For eBay, life after PayPal could get lonely in a hurry.
Not only is the company tasked with taking on e-commerce giant Amazon.com, but it has to find a way to keep its prized merchants, who are increasingly being lured to rival online marketplaces.
Merchants like Evelyne Teman in Southern California. A 46-year-old clothing seller, Teman moved her business off eBay two years ago after finding much more success on a start-up site called Poshmark, which focuses on women's fashion. There, she said she can generate $15,000 to $20,000 a month in sales, compared with $3,000 in a good month on eBay.
Teman, who sells contemporary sportswear, likes Poshmark because of its social experience. She has over 440,000 followers on the site, and to her most loyal customers she provides product recommendations and notices when new items arrive.
"People ask you questions, you get to know people, you get to know your customers and have a relationship with them," said Teman, a mother of five who works from home. "There's no community on eBay."
There's an online marketplace for just about everything. While eBay promotes products in 34 categories plus "everything else," there are fewer areas where it's the dominant player. (Tweet This)
In handmade goods, there's Etsy. For used furniture, consumers can use Move Loot, and for vintage furniture, there's Chairish. EBay Motors has to vie with Autotrader. And if you want to hawk your used Nike high-tops, try Kixify.
Plus, eBay now has to contend with the "buy" button. Pinterest, Facebook and Google are diving deeper into e-commerce, opening up new ways for businesses to sell and consumers to buy goods from their own apps.
This is the fragmented market that new CEO Devin Wenig faces going forward, now that eBay has spun off PayPal into a separate company. Without PayPal, the San Jose, California-based company's stock market value shrinks from over $75 billion to about $30 billion, leaving it worth less than Yahoo.
The numbers speak for themselves. In a global e-commerce market that grew 22 percent last year to $1.3 trillion, eBay's marketplace business only expanded 6.4 percent to $8.8 billion. Amazon grew at more than three times that rate.
Competition has hardly been the only problem. In the middle of last year, eBay was stung by a cyberattack that forced it to tell 145 million users to change their passwords, and a Google algorithm change that pushed down eBay results in search traffic.
None of that has been enough to scare away one of eBay's top investors.
Hamish Douglass, CEO of Australia's Magellan Financial Group, which owns 2.6 percent of the e-commerce site, sees tremendous value in eBay's customer base (now 157 million), its leadership in countries including the U.K., Germany and Korea and the highly profitable marketplace model that comes from not holding inventory.

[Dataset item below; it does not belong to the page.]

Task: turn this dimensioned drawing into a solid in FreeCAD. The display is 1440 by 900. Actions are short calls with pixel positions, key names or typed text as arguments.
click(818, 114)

As for battling Amazon and a host of upstarts, the critical factor for Douglass is that they're all grabbing business from traditional stores, particularly as shopping goes mobile.

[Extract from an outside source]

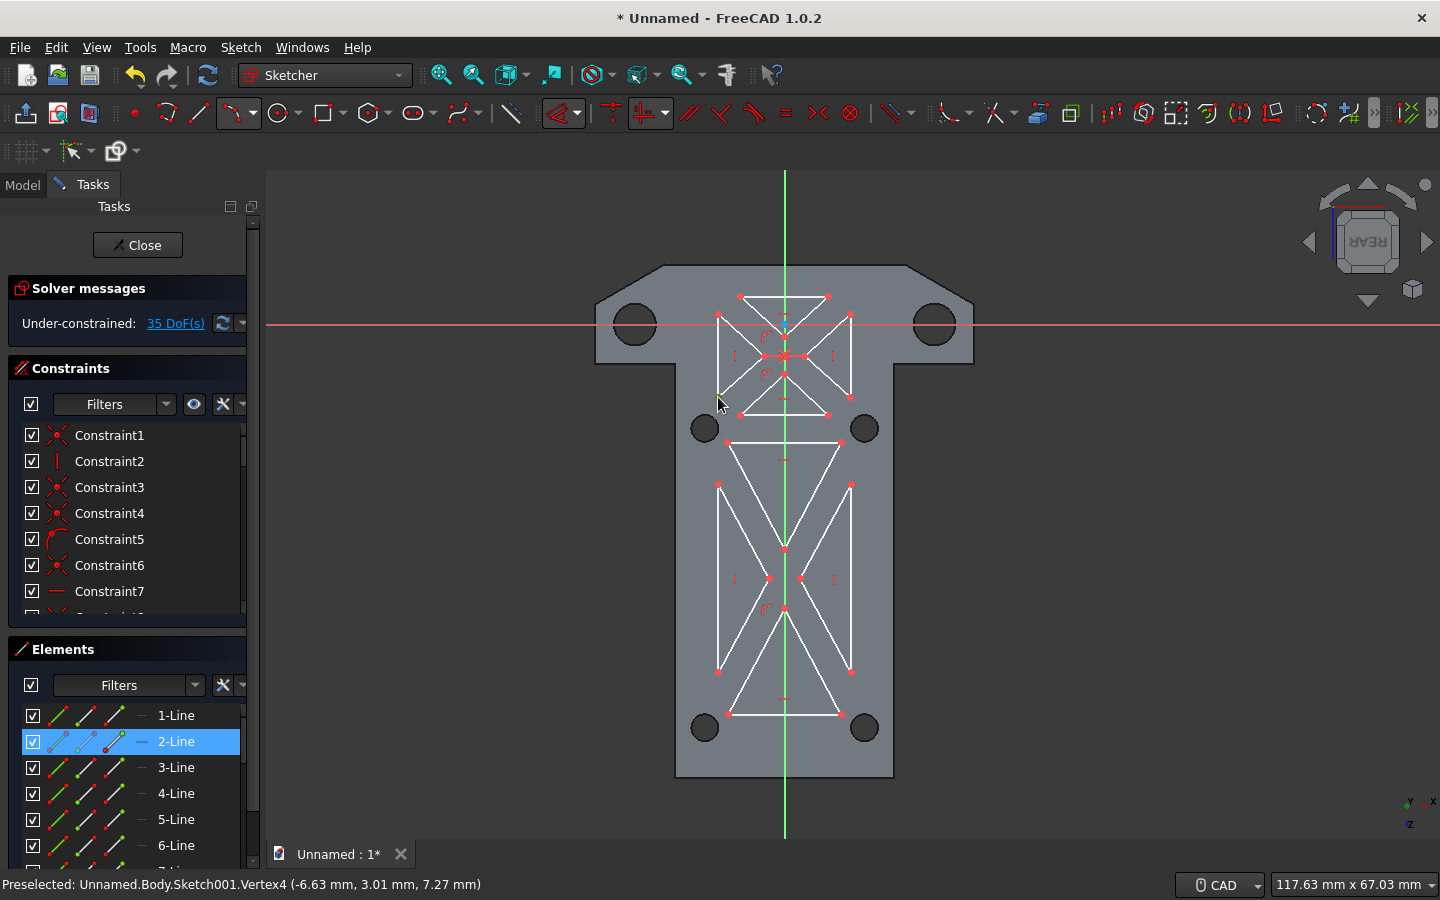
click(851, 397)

"Both eBay and Amazon are taking market share from physical retailers, it's just that Amazon is taking it faster," said Douglass. "They're both winning."
One emerging area where eBay has been particularly quiet is in marketplaces for services. Loads of start-ups have popped up to clean houses, park and drive cars, install complicated electronics and deliver groceries.
Porch in Seattle connects 3.2 million home improvement and maintenance pros with consumers across the country who need specific types of help.
Landscapers, plumbers, electricians and gadget geeks find jobs in their area by signing on with Porch and taking advantage of the site's rapidly growing customer base. Porch also has a deal with Lowe's, so the big box retailer can offer experts for any home improvement gig imaginable.
EBay could choose to forge a similar partnership, said Porch CEO and co-founder Matt Ehrlichman.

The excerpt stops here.